No Sir. We are not changing the layout for the heat sink.
The heat sink has already been designed months ago that will fit the current layout.
And this is a layout for general application.
3 pieces of twisted wire will allow you easy connections to any balanced output of the preceding circuit.

Patrick

Ok. That should not be too big of a problem.

Is there going to be a group buy for this ?

 

[EUVL]

Only when the development is finished, and we have published full test reports, and the listening tests satify our own expectations, and there is sufficient interest to justify tooling costs, etc.


Patrick

 

[NicMac]

The heat sink has already been designed months ago that will fit the current layout.

Any chance to see the layout of the sinks?

I love the tiny CEN/SEN sinks and I'm sure the (more complex?) XCEN sinks will be equally beautiful🙂

Cheers,

nic

 

[EUVL]

It is a modified Fischer ICK PGA 17x17, with a few holes for screws and wiring.
Not so romantic as the Dual JFET heat sinks, but lower costs and I expect to be very effective.
Have not decided whether to allow the LEDs to shin through by drilling extra holes or not.
First version will not have those fancy things. It has to work first.

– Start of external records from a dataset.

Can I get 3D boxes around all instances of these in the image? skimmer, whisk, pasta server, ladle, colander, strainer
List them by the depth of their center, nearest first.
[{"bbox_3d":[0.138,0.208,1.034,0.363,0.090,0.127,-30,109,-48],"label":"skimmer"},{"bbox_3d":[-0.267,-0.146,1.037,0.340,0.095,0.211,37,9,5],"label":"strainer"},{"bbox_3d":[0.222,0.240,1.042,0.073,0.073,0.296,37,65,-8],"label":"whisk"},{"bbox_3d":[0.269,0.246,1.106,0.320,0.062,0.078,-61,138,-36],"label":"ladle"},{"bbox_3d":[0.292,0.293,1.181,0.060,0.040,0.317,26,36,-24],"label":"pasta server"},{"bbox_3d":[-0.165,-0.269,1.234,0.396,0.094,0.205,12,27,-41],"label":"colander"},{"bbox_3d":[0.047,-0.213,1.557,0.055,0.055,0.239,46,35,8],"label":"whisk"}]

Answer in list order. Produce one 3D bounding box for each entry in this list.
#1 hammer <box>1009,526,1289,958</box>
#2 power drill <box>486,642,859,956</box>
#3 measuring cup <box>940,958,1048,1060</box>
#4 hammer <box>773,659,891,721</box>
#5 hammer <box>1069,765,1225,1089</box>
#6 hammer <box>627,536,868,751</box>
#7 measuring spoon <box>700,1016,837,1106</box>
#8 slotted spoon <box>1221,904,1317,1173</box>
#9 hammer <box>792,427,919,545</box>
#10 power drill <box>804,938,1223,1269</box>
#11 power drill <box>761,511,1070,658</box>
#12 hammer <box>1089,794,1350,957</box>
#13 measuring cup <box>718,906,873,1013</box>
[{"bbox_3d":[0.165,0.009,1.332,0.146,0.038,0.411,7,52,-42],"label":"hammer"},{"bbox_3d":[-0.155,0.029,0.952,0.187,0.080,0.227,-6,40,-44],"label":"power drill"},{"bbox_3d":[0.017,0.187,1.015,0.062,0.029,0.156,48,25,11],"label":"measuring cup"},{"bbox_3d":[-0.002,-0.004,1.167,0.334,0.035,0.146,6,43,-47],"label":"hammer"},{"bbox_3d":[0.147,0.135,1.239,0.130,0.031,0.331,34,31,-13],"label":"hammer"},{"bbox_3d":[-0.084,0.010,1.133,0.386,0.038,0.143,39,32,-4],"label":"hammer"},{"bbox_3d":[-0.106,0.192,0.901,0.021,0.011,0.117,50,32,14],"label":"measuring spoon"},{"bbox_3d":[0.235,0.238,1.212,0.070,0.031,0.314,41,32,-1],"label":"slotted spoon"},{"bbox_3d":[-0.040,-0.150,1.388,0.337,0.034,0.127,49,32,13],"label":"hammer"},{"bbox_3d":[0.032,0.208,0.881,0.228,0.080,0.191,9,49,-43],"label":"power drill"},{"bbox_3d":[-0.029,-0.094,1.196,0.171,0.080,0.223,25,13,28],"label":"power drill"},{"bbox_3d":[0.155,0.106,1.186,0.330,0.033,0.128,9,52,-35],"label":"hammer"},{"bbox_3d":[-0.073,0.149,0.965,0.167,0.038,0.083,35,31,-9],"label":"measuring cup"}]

I don't want to spoil things by using a servo.
The performance is already so outstanding as is ...... 🙂


Patrick

 

[Calvin]

Hi,

Patrick, are You sure that the simple JFET-Buffer will be "THD-transparent".
It will at least require easy high-Z loads.
Attached are variations which may be superior alternatives under more difficult conditions, though at the cost of increased complexity.

jauu
Calvin

 

[bcarso]

Hi,

Patrick, are You sure that the simple JFET-Buffer will be "THD-transparent".
It will at least require easy high-Z loads.
Attached are variations which may be superior alternatives under more difficult conditions, though at the cost of increased complexity.

jauu
Calvin

What are the resistors in series with the 4391 gates for?

 

[EUVL]

The PCB will allow you to take the output directly at the resistor in front of the JFET buffer, if one so wish.
Bear in mind that this is a line-level circuit and not designed to drive 600 ohm loads.
More like 5~10k.

One can always add a unity gain buffer of any sort.
There is none more powerful than the DAO, for example (power amps excluding).

If I am not wrong the resistor at the 4391 gate is meant to be used as a gate stopper.
But Calvin should answer that one. 🙂


Patrick

 

[Joachim Gerhard]

Yes, it is against oscillation although it seems odd.

 

[bcarso]

Yes, it is against oscillation although it seems odd.

That bootstrapped cascode does have a negative input Z characteristic, but I find that usually the source Z has enough C to compensate for it. I've never found oscillations in tight layouts with those exact components in through-hole for the second circuit shown. These were hand-wired on ground plane perf board.

 

[Joachim Gerhard]

Yes, most of the time gate stoppers are not necessary but havoc happened to Calvin so in a privat communication i recommended the gate stoppers. I did not get a response so far if that solved the problem. With depletion Mos Fets like DN2540 it is mandatory or they get so hot that they burn.